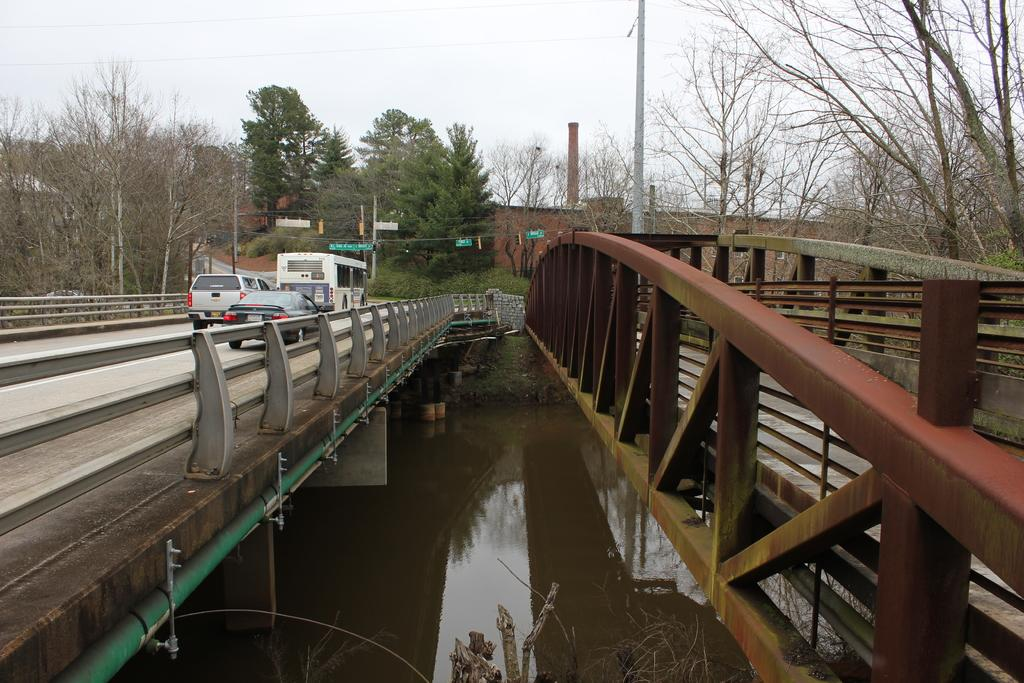What is the primary element visible in the image? There is water in the image. What structures can be seen crossing the water? There are bridges in the image. What types of transportation are present? Vehicles are present in the image. What safety features can be observed? Railings are visible in the image. What supports the infrastructure? Poles are present in the image. What materials are used for walking surfaces? Boards are visible in the image. What type of vegetation is present? Plants are present in the image. What type of barrier is in the image? There is a wall in the image. What type of tall vegetation is present? Trees are present in the image. What is visible in the distance? The sky is visible in the background of the image. What type of flower is blooming on the brake of the vehicle in the image? There is no flower or brake present on any vehicle in the image. 
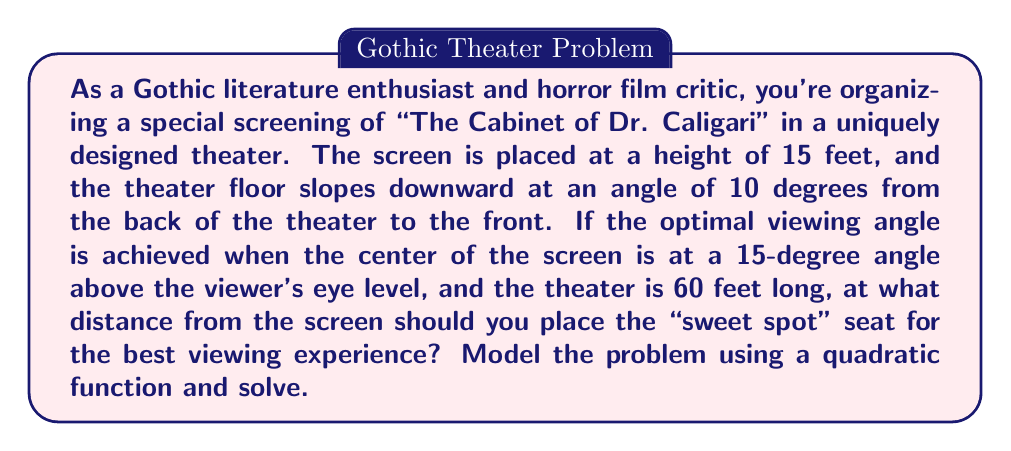Show me your answer to this math problem. Let's approach this step-by-step:

1) First, let's define our coordinate system. Let the origin (0,0) be at the base of the screen, with x representing the horizontal distance from the screen, and y representing the height.

2) We can model the theater floor with a linear function:
   $y = -\tan(10°) \cdot x + 15$
   (The slope is negative because the floor goes down as x increases)

3) The line of sight to the center of the screen can be modeled with another linear function:
   $y = \tan(15°) \cdot x$

4) The optimal viewing point is where these two lines intersect. We can find this by setting them equal:

   $-\tan(10°) \cdot x + 15 = \tan(15°) \cdot x$

5) Solving for x:
   $x(\tan(15°) + \tan(10°)) = 15$
   $x = \frac{15}{\tan(15°) + \tan(10°)}$

6) Using a calculator or programming language to evaluate this:
   $x \approx 39.34$ feet

7) To verify this is indeed the optimal point, we can model the viewing angle as a function of distance from the screen:

   $\theta(x) = \arctan(\frac{15}{x}) - \arctan(\frac{\tan(10°) \cdot x - 15}{x})$

8) This function reaches its maximum when $\theta(x) = 15°$, which occurs at our calculated x value.

9) We can visualize this with a graph:

[asy]
import graph;
size(200,200);
real f(real x) {return -tan(10*pi/180)*x + 15;}
real g(real x) {return tan(15*pi/180)*x;}
real h(real x) {return atan(15/x) - atan((tan(10*pi/180)*x - 15)/x)*180/pi;}
draw(graph(f,0,60));
draw(graph(g,0,60),dashed);
draw(graph(h,1,60),red);
ylimits(0,20);
xaxis("Distance from screen (feet)",Ticks);
yaxis("Height (feet) / Angle (degrees)",Ticks);
label("Theater floor",(-2,16));
label("Line of sight",(-2,3));
label("Viewing angle",(50,18),red);
dot((39.34,f(39.34)));
label("Optimal point",(39.34,f(39.34)),SE);
[/asy]
Answer: The optimal viewing distance from the screen is approximately 39.34 feet. 
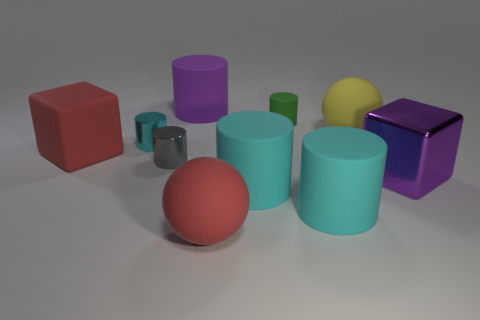Are there more big red rubber objects that are to the right of the small green rubber cylinder than tiny green cylinders that are in front of the small gray thing?
Your answer should be very brief. No. What is the color of the small cylinder that is behind the yellow rubber ball?
Provide a succinct answer. Green. Is there a large gray thing that has the same shape as the small gray object?
Provide a short and direct response. No. How many blue objects are either large cubes or tiny matte things?
Provide a succinct answer. 0. Are there any other red cubes that have the same size as the red rubber cube?
Provide a short and direct response. No. What number of large yellow metal balls are there?
Your answer should be compact. 0. What number of big objects are objects or cyan metal things?
Keep it short and to the point. 7. What color is the small metal cylinder in front of the cyan cylinder on the left side of the purple rubber cylinder to the right of the gray metal thing?
Give a very brief answer. Gray. How many other objects are there of the same color as the small matte cylinder?
Give a very brief answer. 0. What number of metallic things are green spheres or cylinders?
Make the answer very short. 2. 
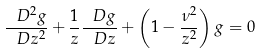<formula> <loc_0><loc_0><loc_500><loc_500>\frac { \ D ^ { 2 } g } { \ D z ^ { 2 } } + \frac { 1 } { z } \frac { \ D g } { \ D z } + \left ( 1 - \frac { \nu ^ { 2 } } { z ^ { 2 } } \right ) g = 0</formula> 
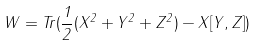Convert formula to latex. <formula><loc_0><loc_0><loc_500><loc_500>W = T r ( \frac { 1 } { 2 } ( X ^ { 2 } + Y ^ { 2 } + Z ^ { 2 } ) - X [ Y , Z ] )</formula> 
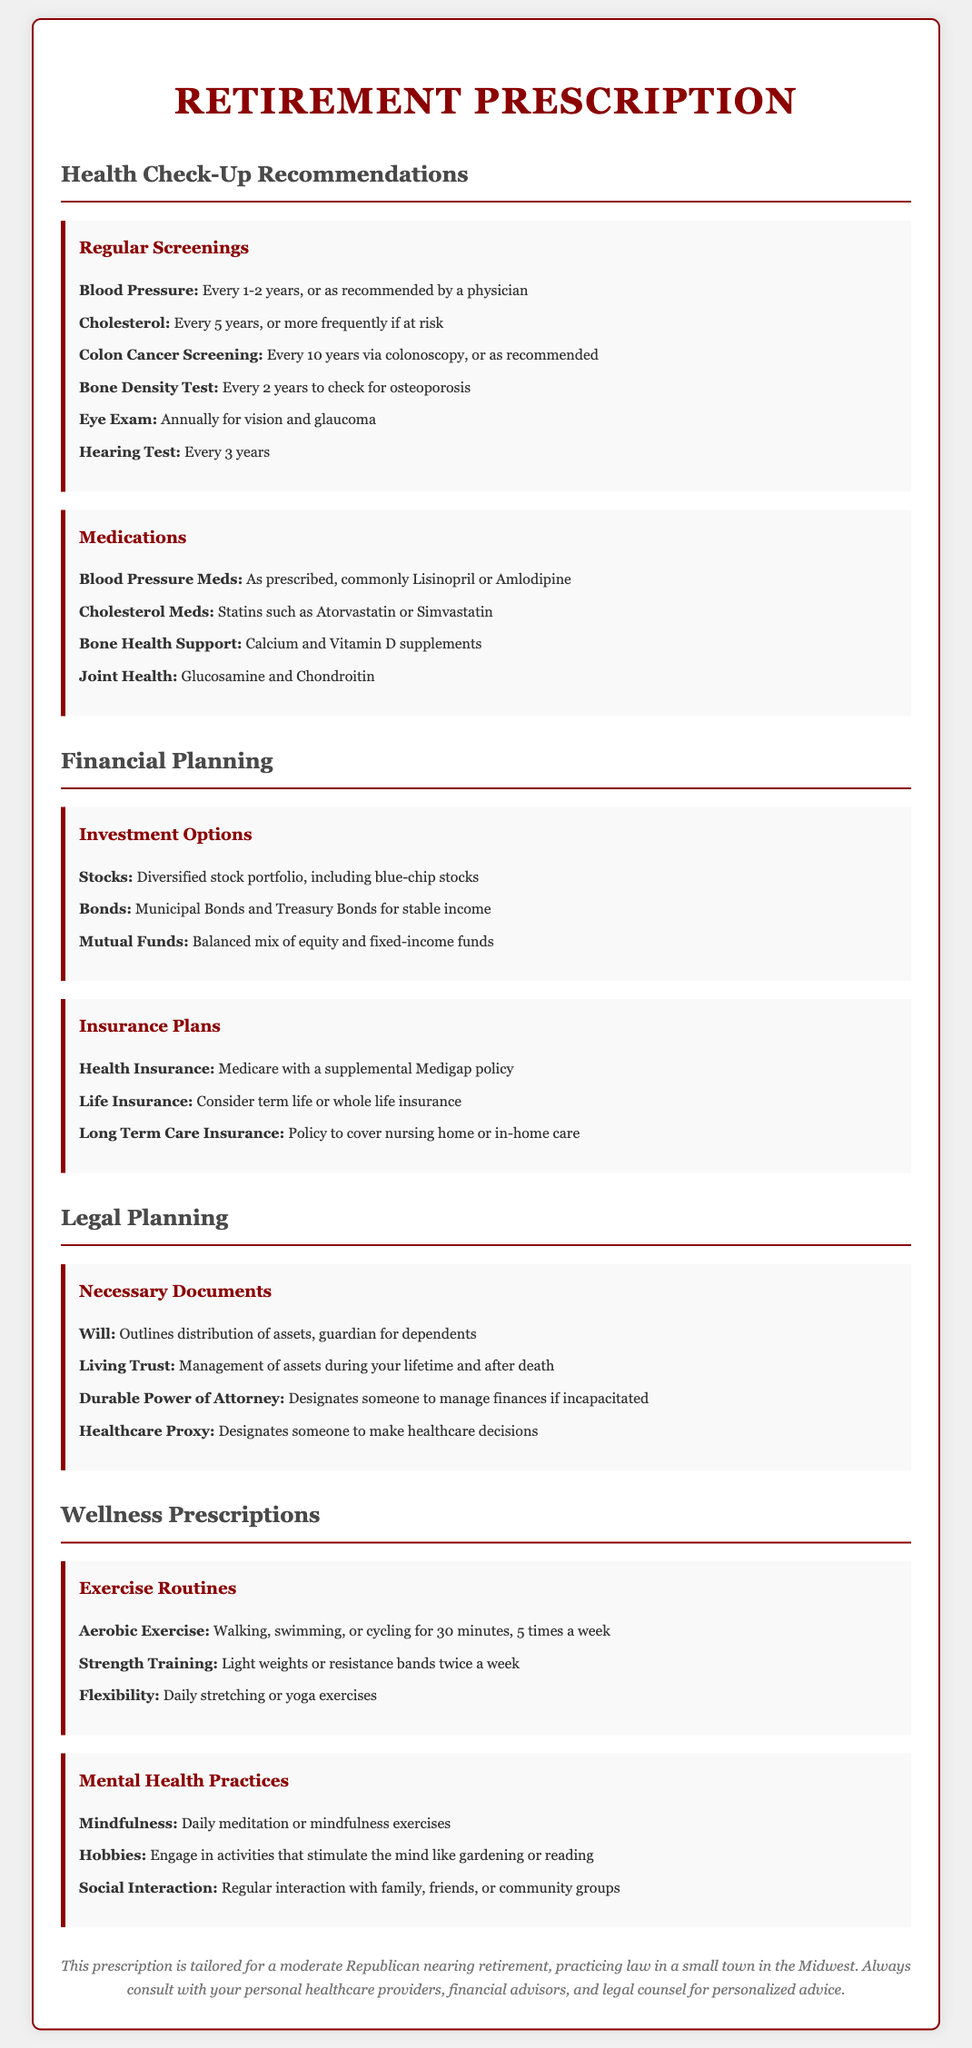What is the recommended frequency for a cholesterol screening? The document states cholesterol screening should be done every 5 years, or more frequently if at risk.
Answer: Every 5 years What are common medications for bone health support? The document lists Calcium and Vitamin D supplements as common medications for bone health support.
Answer: Calcium and Vitamin D supplements What type of exercise is recommended for flexibility? Flexibility is addressed through daily stretching or yoga exercises according to the document.
Answer: Daily stretching or yoga exercises What insurance plan is mentioned to cover nursing home care? The document mentions that Long Term Care Insurance can cover nursing home or in-home care.
Answer: Long Term Care Insurance How often should a hearing test be conducted? The document states that a hearing test should be conducted every 3 years.
Answer: Every 3 years What is required to designate someone to manage finances if incapacitated? A Durable Power of Attorney is needed to designate someone to manage finances if incapacitated according to the document.
Answer: Durable Power of Attorney What kind of portfolio is suggested for investment options? The document suggests a diversified stock portfolio, including blue-chip stocks as a type of investment option.
Answer: Diversified stock portfolio How many times per week should aerobic exercise be performed? The document states that aerobic exercise should be performed for 30 minutes, 5 times a week.
Answer: 5 times a week 
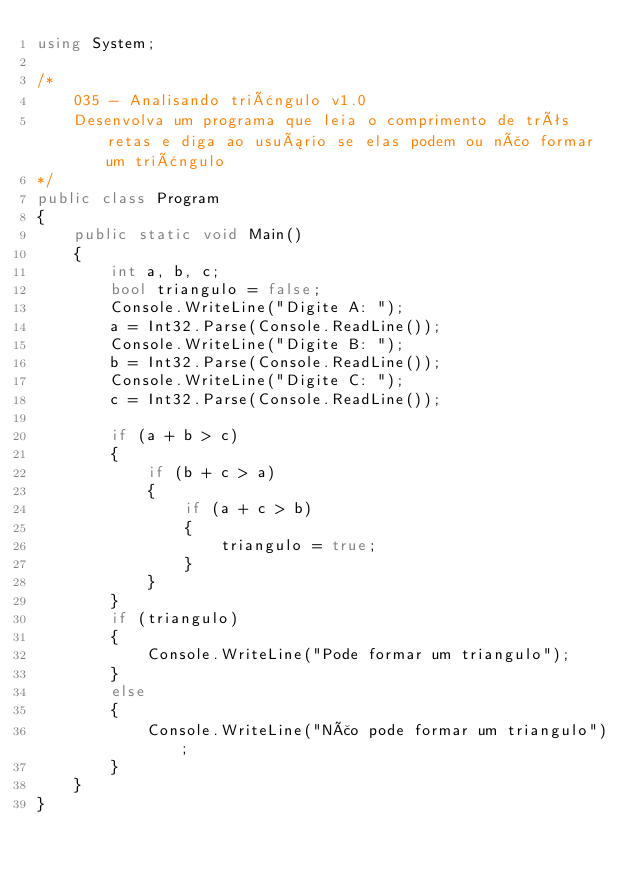Convert code to text. <code><loc_0><loc_0><loc_500><loc_500><_C#_>using System;

/*
	035 - Analisando triângulo v1.0
    Desenvolva um programa que leia o comprimento de três retas e diga ao usuário se elas podem ou não formar um triângulo
*/		
public class Program
{
	public static void Main()
	{
		int a, b, c;
		bool triangulo = false;
		Console.WriteLine("Digite A: ");
		a = Int32.Parse(Console.ReadLine());
		Console.WriteLine("Digite B: ");
		b = Int32.Parse(Console.ReadLine());
		Console.WriteLine("Digite C: ");
		c = Int32.Parse(Console.ReadLine());
		
		if (a + b > c)
		{
			if (b + c > a)
			{
				if (a + c > b)
				{
					triangulo = true;
				}
			}
		}
		if (triangulo)
		{
			Console.WriteLine("Pode formar um triangulo");
		}
		else
		{
			Console.WriteLine("Não pode formar um triangulo");
		}
	}
}</code>

• • • • • • •

Task brief. Could you output the lines above exactly, with no pictures included?

Output.
What is the primary element visible in the image? There is water in the image. What structures can be seen crossing the water? There are bridges in the image. What types of transportation are present? Vehicles are present in the image. What safety features can be observed? Railings are visible in the image. What supports the infrastructure? Poles are present in the image. What materials are used for walking surfaces? Boards are visible in the image. What type of vegetation is present? Plants are present in the image. What type of barrier is in the image? There is a wall in the image. What type of tall vegetation is present? Trees are present in the image. What is visible in the distance? The sky is visible in the background of the image. What type of flower is blooming on the brake of the vehicle in the image? There is no flower or brake present on any vehicle in the image. 
Show me your answer to this math problem. Let's approach this step-by-step:

1) First, let's define our coordinate system. Let the origin (0,0) be at the base of the screen, with x representing the horizontal distance from the screen, and y representing the height.

2) We can model the theater floor with a linear function:
   $y = -\tan(10°) \cdot x + 15$
   (The slope is negative because the floor goes down as x increases)

3) The line of sight to the center of the screen can be modeled with another linear function:
   $y = \tan(15°) \cdot x$

4) The optimal viewing point is where these two lines intersect. We can find this by setting them equal:

   $-\tan(10°) \cdot x + 15 = \tan(15°) \cdot x$

5) Solving for x:
   $x(\tan(15°) + \tan(10°)) = 15$
   $x = \frac{15}{\tan(15°) + \tan(10°)}$

6) Using a calculator or programming language to evaluate this:
   $x \approx 39.34$ feet

7) To verify this is indeed the optimal point, we can model the viewing angle as a function of distance from the screen:

   $\theta(x) = \arctan(\frac{15}{x}) - \arctan(\frac{\tan(10°) \cdot x - 15}{x})$

8) This function reaches its maximum when $\theta(x) = 15°$, which occurs at our calculated x value.

9) We can visualize this with a graph:

[asy]
import graph;
size(200,200);
real f(real x) {return -tan(10*pi/180)*x + 15;}
real g(real x) {return tan(15*pi/180)*x;}
real h(real x) {return atan(15/x) - atan((tan(10*pi/180)*x - 15)/x)*180/pi;}
draw(graph(f,0,60));
draw(graph(g,0,60),dashed);
draw(graph(h,1,60),red);
ylimits(0,20);
xaxis("Distance from screen (feet)",Ticks);
yaxis("Height (feet) / Angle (degrees)",Ticks);
label("Theater floor",(-2,16));
label("Line of sight",(-2,3));
label("Viewing angle",(50,18),red);
dot((39.34,f(39.34)));
label("Optimal point",(39.34,f(39.34)),SE);
[/asy]
Answer: The optimal viewing distance from the screen is approximately 39.34 feet. 
Are there more big red rubber objects that are to the right of the small green rubber cylinder than tiny green cylinders that are in front of the small gray thing?
Your answer should be very brief. No. What is the color of the small cylinder that is behind the yellow rubber ball?
Provide a succinct answer. Green. Is there a large gray thing that has the same shape as the small gray object?
Provide a short and direct response. No. How many blue objects are either large cubes or tiny matte things?
Provide a succinct answer. 0. Are there any other red cubes that have the same size as the red rubber cube?
Provide a short and direct response. No. What number of large yellow metal balls are there?
Your answer should be compact. 0. What number of big objects are objects or cyan metal things?
Keep it short and to the point. 7. What color is the small metal cylinder in front of the cyan cylinder on the left side of the purple rubber cylinder to the right of the gray metal thing?
Give a very brief answer. Gray. How many other objects are there of the same color as the small matte cylinder?
Give a very brief answer. 0. What number of metallic things are green spheres or cylinders?
Make the answer very short. 2. 
<formula> <loc_0><loc_0><loc_500><loc_500>\frac { \ D ^ { 2 } g } { \ D z ^ { 2 } } + \frac { 1 } { z } \frac { \ D g } { \ D z } + \left ( 1 - \frac { \nu ^ { 2 } } { z ^ { 2 } } \right ) g = 0</formula> 
Convert formula to latex. <formula><loc_0><loc_0><loc_500><loc_500>W = T r ( \frac { 1 } { 2 } ( X ^ { 2 } + Y ^ { 2 } + Z ^ { 2 } ) - X [ Y , Z ] )</formula> 
What is the recommended frequency for a cholesterol screening? The document states cholesterol screening should be done every 5 years, or more frequently if at risk.
Answer: Every 5 years What are common medications for bone health support? The document lists Calcium and Vitamin D supplements as common medications for bone health support.
Answer: Calcium and Vitamin D supplements What type of exercise is recommended for flexibility? Flexibility is addressed through daily stretching or yoga exercises according to the document.
Answer: Daily stretching or yoga exercises What insurance plan is mentioned to cover nursing home care? The document mentions that Long Term Care Insurance can cover nursing home or in-home care.
Answer: Long Term Care Insurance How often should a hearing test be conducted? The document states that a hearing test should be conducted every 3 years.
Answer: Every 3 years What is required to designate someone to manage finances if incapacitated? A Durable Power of Attorney is needed to designate someone to manage finances if incapacitated according to the document.
Answer: Durable Power of Attorney What kind of portfolio is suggested for investment options? The document suggests a diversified stock portfolio, including blue-chip stocks as a type of investment option.
Answer: Diversified stock portfolio How many times per week should aerobic exercise be performed? The document states that aerobic exercise should be performed for 30 minutes, 5 times a week.
Answer: 5 times a week 
Convert code to text. <code><loc_0><loc_0><loc_500><loc_500><_C#_>using System;

/*
	035 - Analisando triângulo v1.0
    Desenvolva um programa que leia o comprimento de três retas e diga ao usuário se elas podem ou não formar um triângulo
*/		
public class Program
{
	public static void Main()
	{
		int a, b, c;
		bool triangulo = false;
		Console.WriteLine("Digite A: ");
		a = Int32.Parse(Console.ReadLine());
		Console.WriteLine("Digite B: ");
		b = Int32.Parse(Console.ReadLine());
		Console.WriteLine("Digite C: ");
		c = Int32.Parse(Console.ReadLine());
		
		if (a + b > c)
		{
			if (b + c > a)
			{
				if (a + c > b)
				{
					triangulo = true;
				}
			}
		}
		if (triangulo)
		{
			Console.WriteLine("Pode formar um triangulo");
		}
		else
		{
			Console.WriteLine("Não pode formar um triangulo");
		}
	}
}</code>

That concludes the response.